The binary data file BirthStateRecord stores 1,000,000 rows of data in 3 fields:
The following code generates test data files based on BirthStateRecord:
A | B | C | |
1 | =file(“BirthStateRecord”) | ||
2 | for 20 | =file(“testData”+string(A2)) | |
3 | for A2 | =A1.cursor@b() | |
4 | >B2.export@ab(C3) |
A2 loops 20 times to generate 20 data files. Then the code has the data of BirthStateRecord written into the nth data file n times. For example, testData11 will receive 11,000,000 rows of data:
First let’s look at what will happen when using a table sequence:
A | B | C | |
1 | for 30 | =”testData”+string(A1) | >output(B1) |
2 | =file(B1) | ||
3 | =B2.import@b() | =B3.count() |
Here each time a data file is retrieved as a table sequence and the records in it are counted. Once a table sequence fails to be retrieved into the memory, the error occurs and computation stops working properly:
By checking B1’ data, we know that which data file has gone wrong:
This means the retrieval went well to testData4, which is retrieved as a table sequence of 4,000,000 records of 3 columns. Of course the degrees of memory usage of table sequences vary, depending on data size and the number of fields of the table sequence.
Then we’ll take a look at the performance of the virtual table with the same data files:
A | B | C | |
1 | for 30 | =”testData”+string(A1) | >output(B1) |
2 | =file(B1) | ||
3 | =B2.create() | =B3.count() |
Likewise, when memory runs out we can check the situation in B1:
So you see that a maximum of 19,000,000 records can be retrieved with a virtual table. This is several times more than the table sequence can handle. There’s no upper limit for the amount of data that can be handled if we use f.create@x(Fi,…;n), which establishes a buffer, when creating the table sequence.
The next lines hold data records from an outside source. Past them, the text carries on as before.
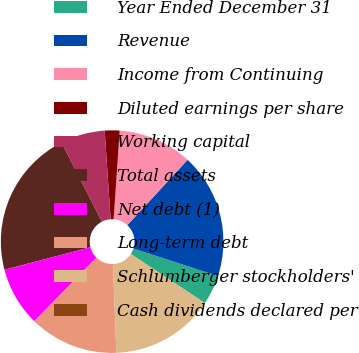Convert chart. <chart><loc_0><loc_0><loc_500><loc_500><pie_chart><fcel>Year Ended December 31<fcel>Revenue<fcel>Income from Continuing<fcel>Diluted earnings per share<fcel>Working capital<fcel>Total assets<fcel>Net debt (1)<fcel>Long-term debt<fcel>Schlumberger stockholders'<fcel>Cash dividends declared per<nl><fcel>4.31%<fcel>18.14%<fcel>10.77%<fcel>2.15%<fcel>6.46%<fcel>21.54%<fcel>8.62%<fcel>12.92%<fcel>15.08%<fcel>0.0%<nl></chart> 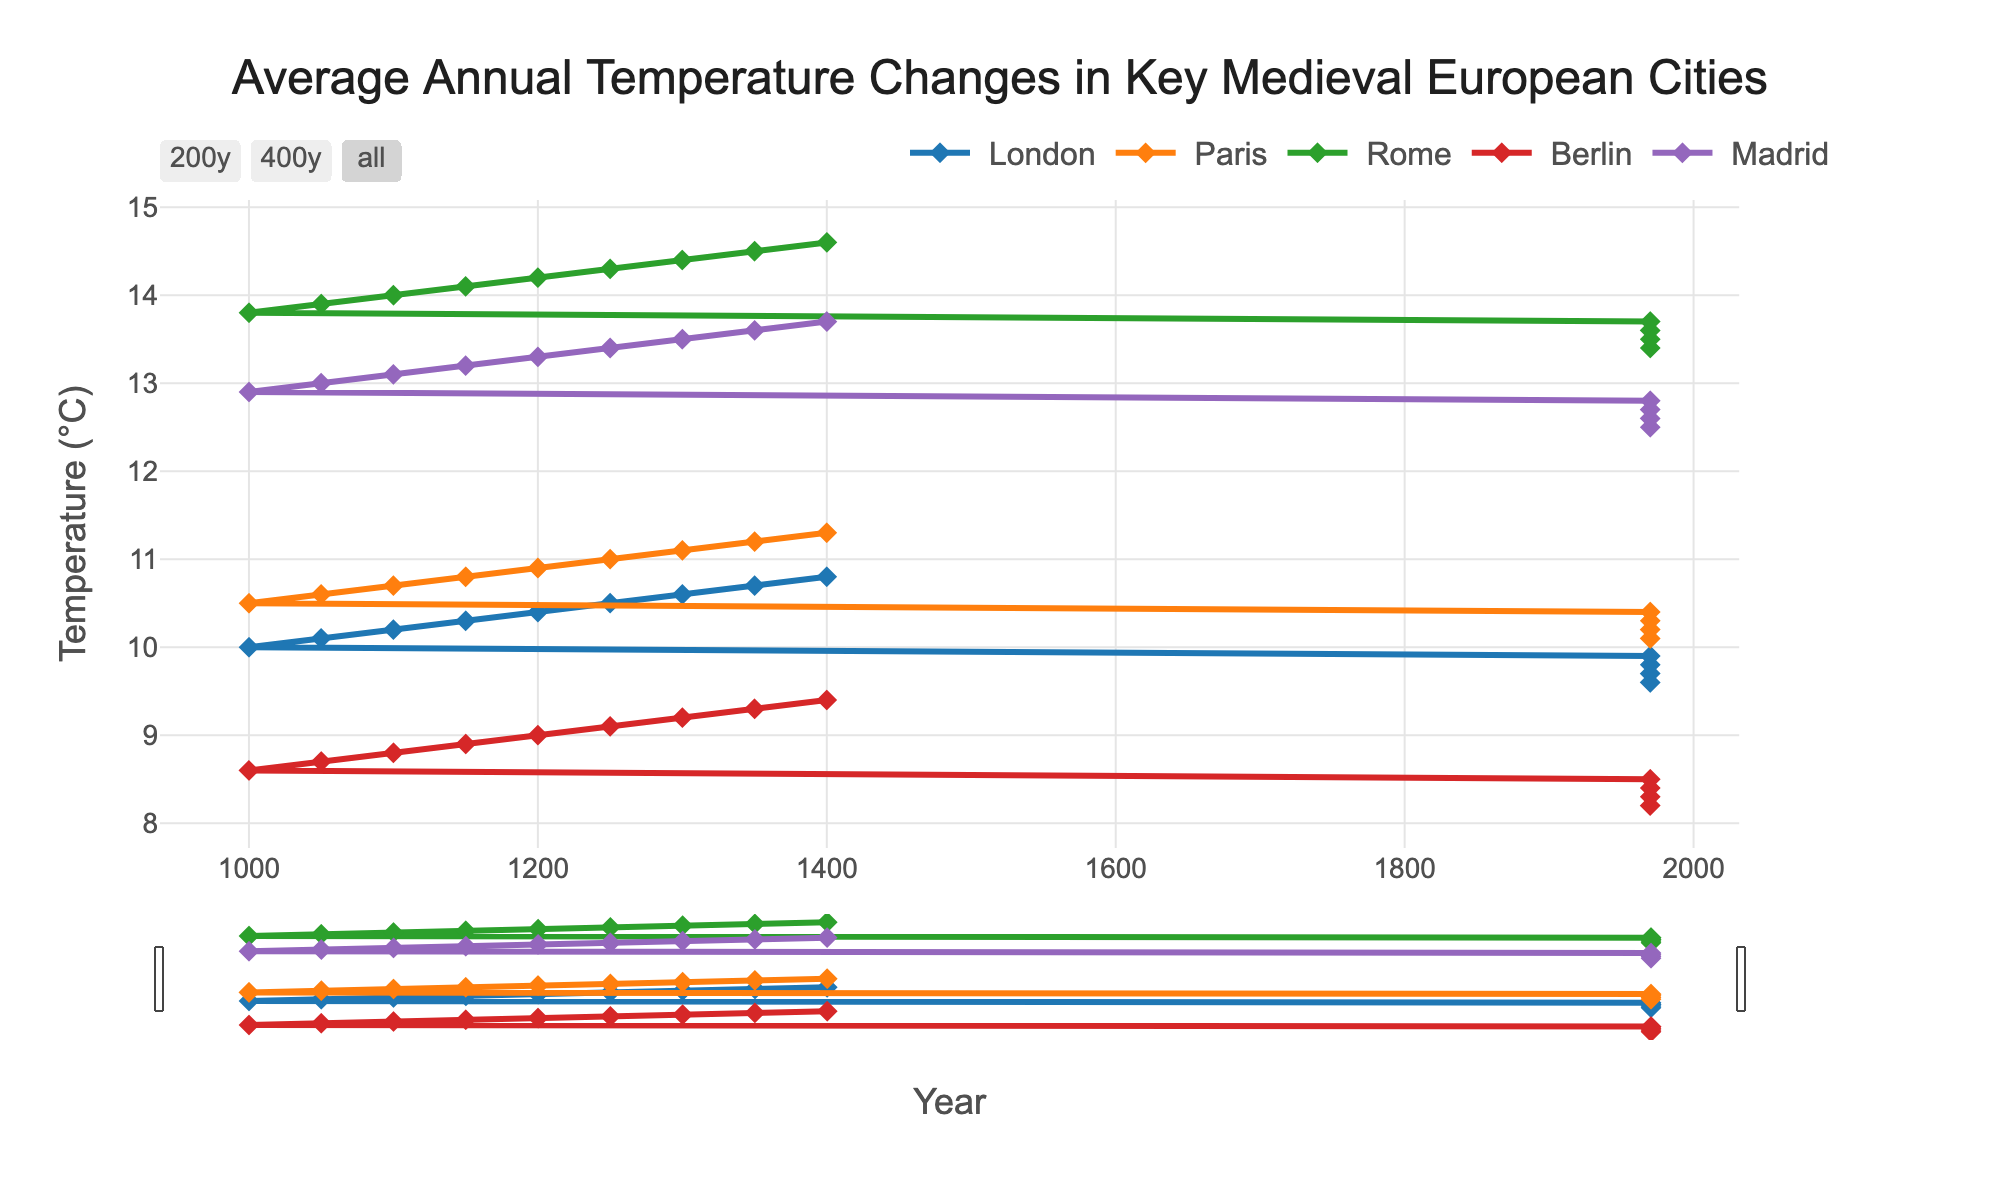What is the title of the figure? The title is located at the top of the figure and describes the content of the plot.
Answer: "Average Annual Temperature Changes in Key Medieval European Cities" How many cities are represented in the figure? Count the distinct traces or lines on the plot, each representing a city.
Answer: Five In which year does Berlin have the lowest temperature shown in the figure? Look at the Berlin trace and find the minimum value, then trace it back to the corresponding year on the x-axis.
Answer: 800 Which city had the highest temperature in 1400? Look at the temperature values for all cities in 1400 and identify the highest one.
Answer: Rome What is the temperature difference between Paris and Madrid in 1200? Locate the temperature values for Paris and Madrid in the year 1200 and subtract the value of Madrid from Paris.
Answer: -2.4 How has London's temperature changed from 800 to 1400? Look at the trend of London's trace from the year 800 to 1400 and summarize the overall direction and changes.
Answer: Increased by 1.2°C (from 9.6°C to 10.8°C) Which city shows the most consistent temperature change over time? Observe each city's trace to determine which one shows the smoothest and most consistent trend without abrupt changes.
Answer: London In what year does Paris' temperature equal Rome's temperature? Identify the year(s) where the temperature values of Paris and Rome intersect or are equal.
Answer: They do not intersect Which two cities had the smallest temperature difference in 1050? Find the temperatures of all cities in 1050, calculate the differences between each pair, and identify the pair with the smallest difference.
Answer: London and Paris (difference of 0.5°C) What is the average temperature in Rome from 800 to 1400? Add up all the temperature values for Rome and divide by the number of data points (13).
Answer: 13.9°C 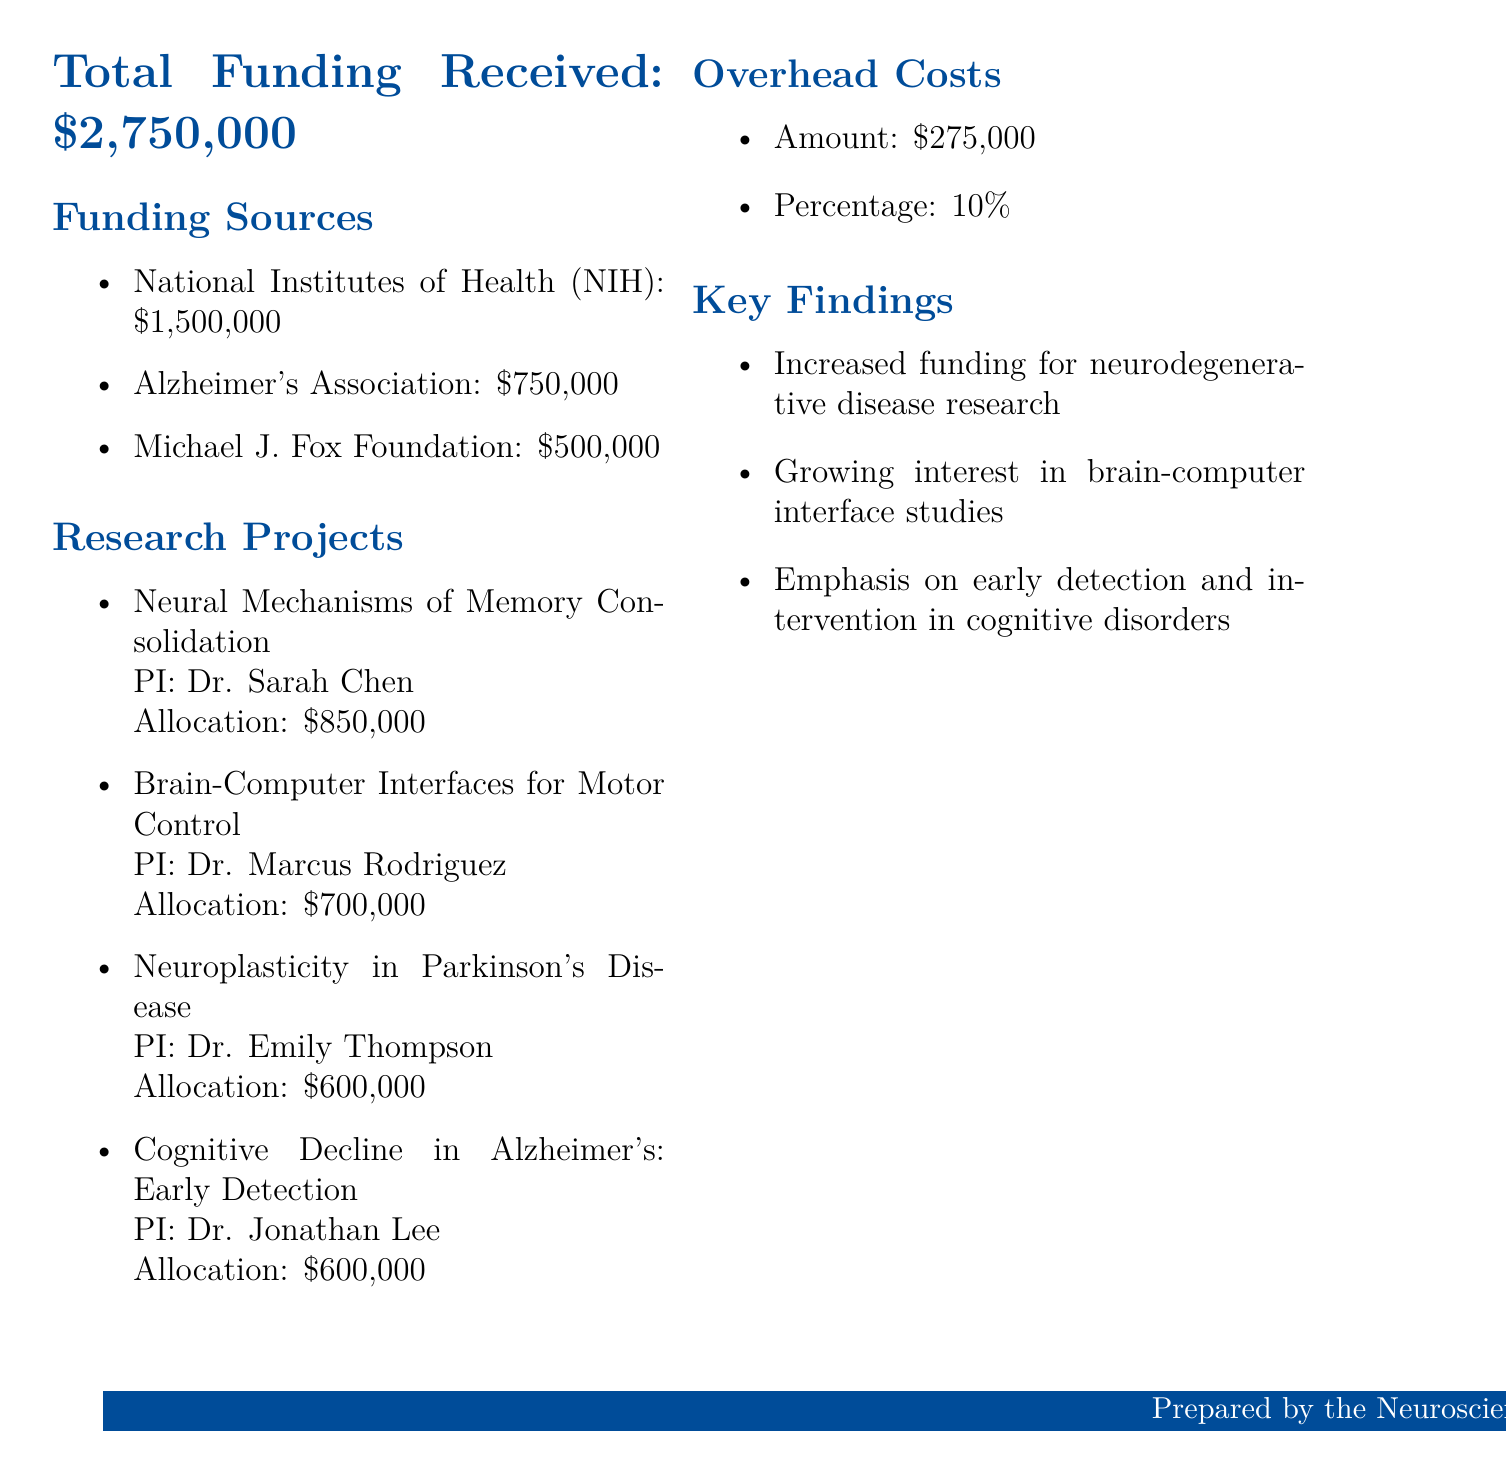What is the total funding received? The total funding received is specified as $2,750,000.
Answer: $2,750,000 Who is the principal investigator for the "Neuroplasticity in Parkinson's Disease" project? The document lists Dr. Emily Thompson as the principal investigator for this project.
Answer: Dr. Emily Thompson What percentage do overhead costs represent? The document specifies that overhead costs are 10% of the total funding received.
Answer: 10% How much funding is allocated to the project titled "Cognitive Decline in Alzheimer's: Early Detection"? The allocation for this project is stated to be $600,000.
Answer: $600,000 Which funding source contributed the most? The document indicates that the National Institutes of Health (NIH) contributed the highest amount of $1,500,000.
Answer: National Institutes of Health (NIH) What is one key finding mentioned in the report? The document includes "Increased funding for neurodegenerative disease research" as one of the key findings.
Answer: Increased funding for neurodegenerative disease research How many research projects received funding? The document lists four research projects that received funding.
Answer: Four What is the amount allocated to the project "Brain-Computer Interfaces for Motor Control"? The allocation for this project is specified as $700,000.
Answer: $700,000 What funding source contributed $500,000? The document notes that the Michael J. Fox Foundation contributed this amount.
Answer: Michael J. Fox Foundation

Therefore a virtual table will do a better job when we are handling big data. We can create a virtual table for the data table that can’t be completely held in the memory and import the virtual table data as bytes into the memory. By doing so, both the accomplishment of the computation and a good efficiency can be guaranteed. If the virtual table data can’t be entirely loaded into the memory, we can set up an appropriate buffer to make it workable.